While trying to explain to our six-year-old daughter how much technology had changed, my husband pointed to our brand-new desktop computer and told her that when he was in college, a computer with the same amount of power would have been the size of a house. Wide-eyed, our daughter asked, "Wow! How big was the mouse?"

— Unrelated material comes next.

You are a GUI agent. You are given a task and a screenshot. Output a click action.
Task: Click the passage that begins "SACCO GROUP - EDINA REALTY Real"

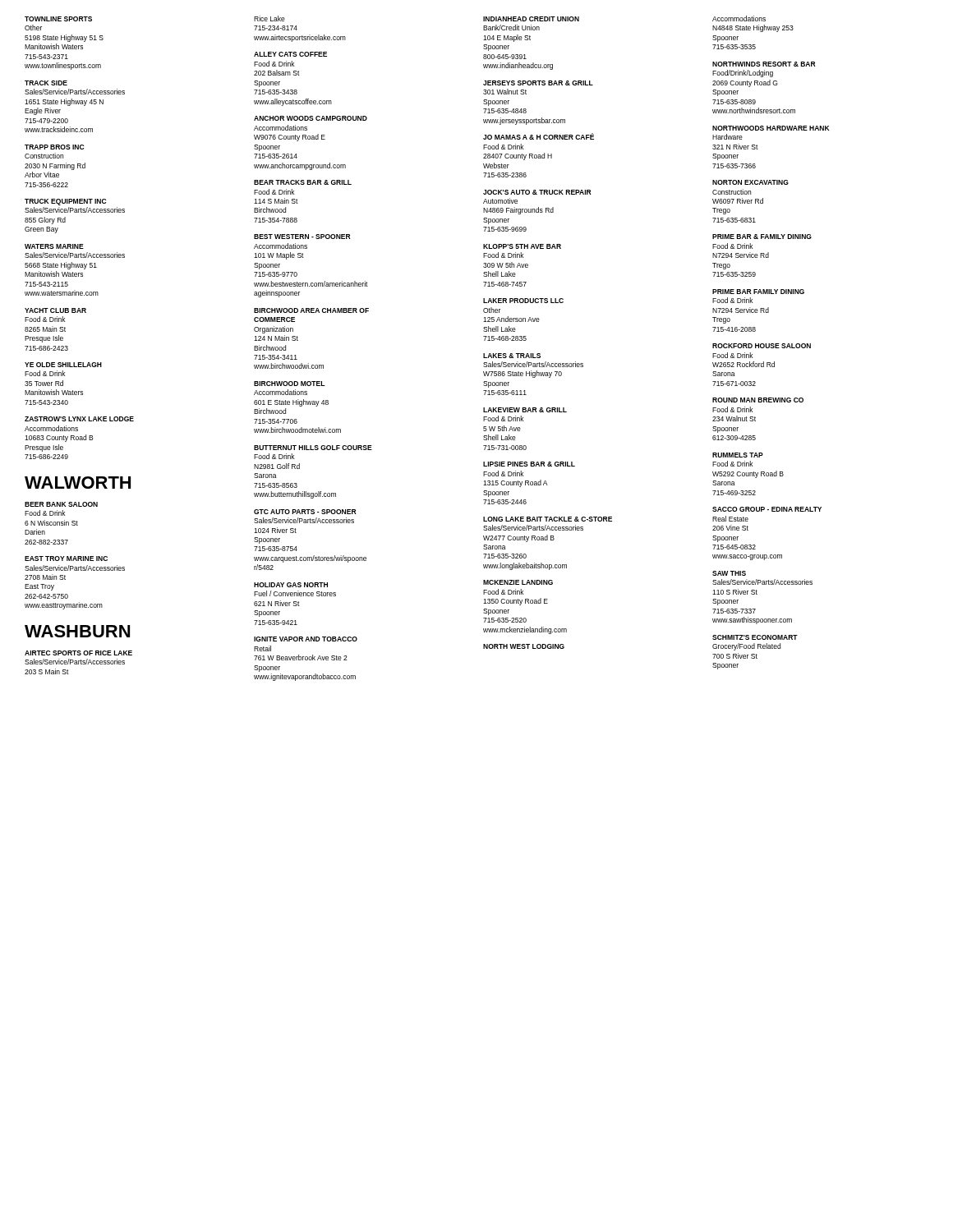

WWJD — What Would Jesus Drive?

In Psalm 83, the Almighty clearly owns a Pontiac and a Geo. The passage urges the Lord to "pursue your enemies with your Tempest and terrify them with your Storm."
Perhaps God favors Dodge pickup trucks, because Moses' followers are warned not to go up a mountain "until the Ram's horn sounds a long blast."
Some scholars insist that Jesus drove a Honda but didn't like to talk about it. As proof, they cite a verse in St. John's gospel where Christ tells the crowd, "For I did not speak of my own Accord..."
Meanwhile, Moses rode an old British motorcycle, as evidenced by a Bible passage declaring that "the roar of Moses' Triumph is heard in the hills."
Joshua drove a sports car with a hole in its muffler, "Joshua's Triumph was heard throughout the land."
And, following the Master's lead, the Apostles car-pooled in a Honda: "The Apostles were in one Accord."

The Turkey Dilemma

A poultry farmer was experimenting to breed turkeys with more legs for greater profits. Finally, he succeeded. While narrating the results to his friends, he told them, "The turkey I bred had six legs!" His friends, who had got quite excited, eagerly asked, "What about the taste?" The farmer said with a long-drawn face, "I have no idea. Can't catch it."

25 Church Signs

1.            Give God what's RIGHT — not what's LEFT.
2.            Man's way leads to hopeless end; God's way leads to endless hope.
3.            A lot of kneeling will keep you in good standing.
4.            He who kneels before God can stand before anyone.
5.            In the sentence of life, the devil may be a comma, but never let him be the period.
6.            Don't put a question mark where God puts a period.
7.            Are you wrinkled with burden? Come to the church for a faith-lift.
8.            When praying, don't give God instructions — just report for duty.
9.            Don't wait for six strong men to take you to the church.
10.         We don't change God's message; His message changes us.
11.         All churches should be prayer-conditioned.
12.         When God ordains, He sustains.
13.         WARNING: Exposure to the Son may prevent burning.
14.         Plan ahead — it wasn't raining when Noah built the ark.
15.         Most people want to serve God, but only in an advisory position.
16.         Suffering from truth decay? Brush up with your Bible on a daily basis.
17.         Exercise daily! Walk with the Lord.
18.         Never give the devil a ride — he will always want to drive.
19.         Nothing else ruins the truth like stretching it.
20.         Compassion is difficult to give away because it keeps coming back.
21.         He who angers you controls you.
22.         Worry is the darkroom in which negatives can develop.
23.         Give Satan an inch, and he'll be a ruler.
24.         Be ye fishers of men — you catch them, and God will clean them.
25.         God does not call the qualified; he qualifies the called.

The Secret

Jill complained to Nina, "Rosey told me that you told her the secret I told you not to tell her."  "Well," replied Nina in a hurt tone, "I told her not to tell you I told her."  "Oh dear!" sighed Jill. "Well, don't tell her I told you that she told me."

Today’s Thought

My favorite exercise is a cross between a lunge and a crunch. I call it lunch.